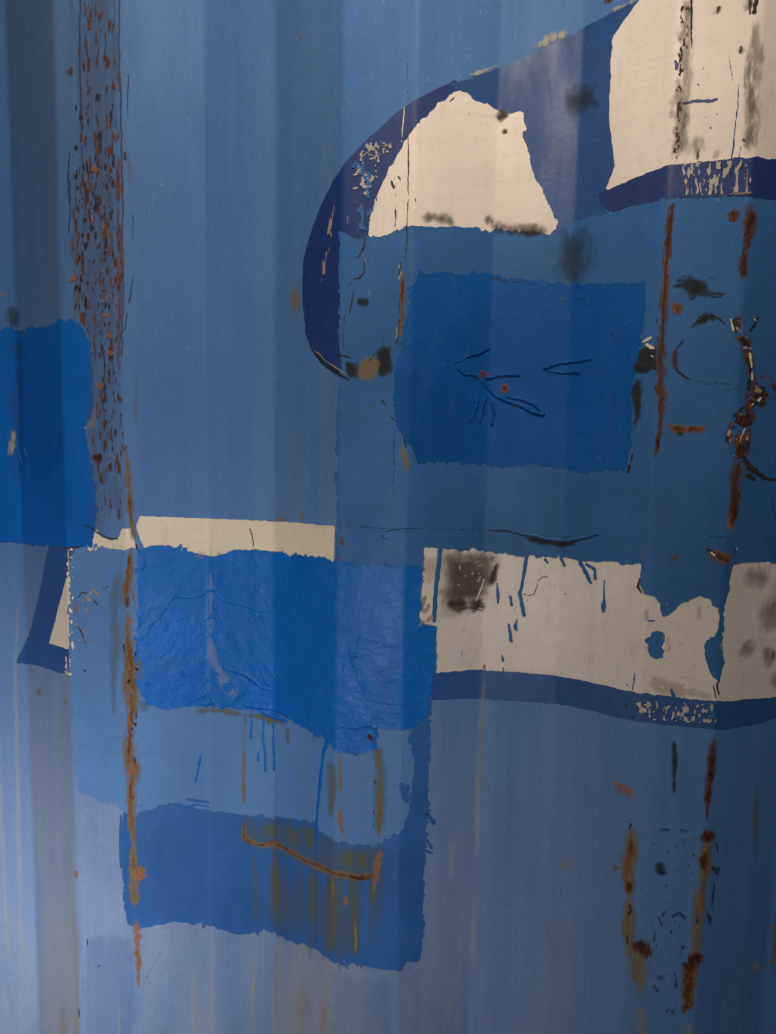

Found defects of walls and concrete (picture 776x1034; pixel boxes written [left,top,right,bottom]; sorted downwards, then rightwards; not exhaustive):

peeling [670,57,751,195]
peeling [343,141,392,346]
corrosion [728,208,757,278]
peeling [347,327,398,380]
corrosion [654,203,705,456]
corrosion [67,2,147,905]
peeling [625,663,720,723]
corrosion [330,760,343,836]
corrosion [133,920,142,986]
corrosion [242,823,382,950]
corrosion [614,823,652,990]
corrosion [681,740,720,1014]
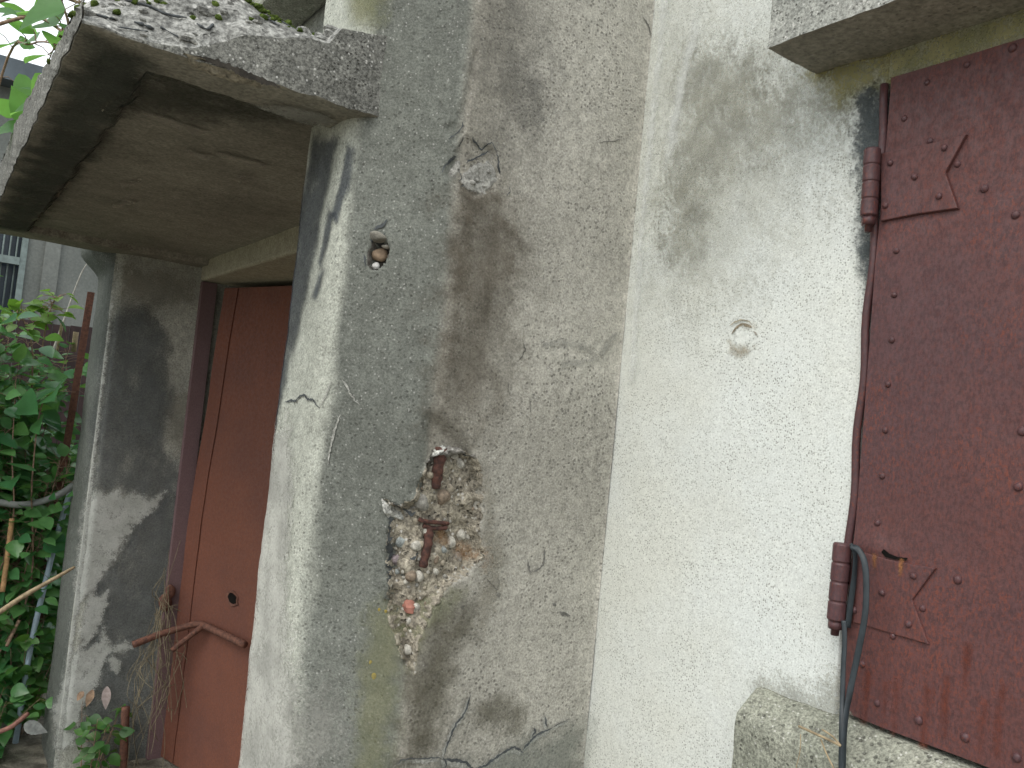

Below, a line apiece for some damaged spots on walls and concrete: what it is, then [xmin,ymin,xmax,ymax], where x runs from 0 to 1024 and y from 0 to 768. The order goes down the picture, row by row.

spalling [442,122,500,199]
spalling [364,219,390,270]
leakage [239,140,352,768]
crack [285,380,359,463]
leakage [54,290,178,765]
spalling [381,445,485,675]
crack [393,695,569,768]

★ ★ ★ ★

**What needs to be done**.
Transcribe every record above exactly as written, leaving out any pictures.

**Written solution**.
Found defects of walls and concrete (picture 776x1034; pixel boxes written [left,top,right,bottom]; sorted downwards, then rightwards; not exhaustive):

peeling [670,57,751,195]
peeling [343,141,392,346]
corrosion [728,208,757,278]
peeling [347,327,398,380]
corrosion [654,203,705,456]
corrosion [67,2,147,905]
peeling [625,663,720,723]
corrosion [330,760,343,836]
corrosion [133,920,142,986]
corrosion [242,823,382,950]
corrosion [614,823,652,990]
corrosion [681,740,720,1014]

Below, a line apiece for some damaged spots on walls and concrete: what it is, then [xmin,ymin,xmax,ymax], where x runs from 0 to 1024 and y from 0 to 768. The order goes down the picture, row by row.

spalling [442,122,500,199]
spalling [364,219,390,270]
leakage [239,140,352,768]
crack [285,380,359,463]
leakage [54,290,178,765]
spalling [381,445,485,675]
crack [393,695,569,768]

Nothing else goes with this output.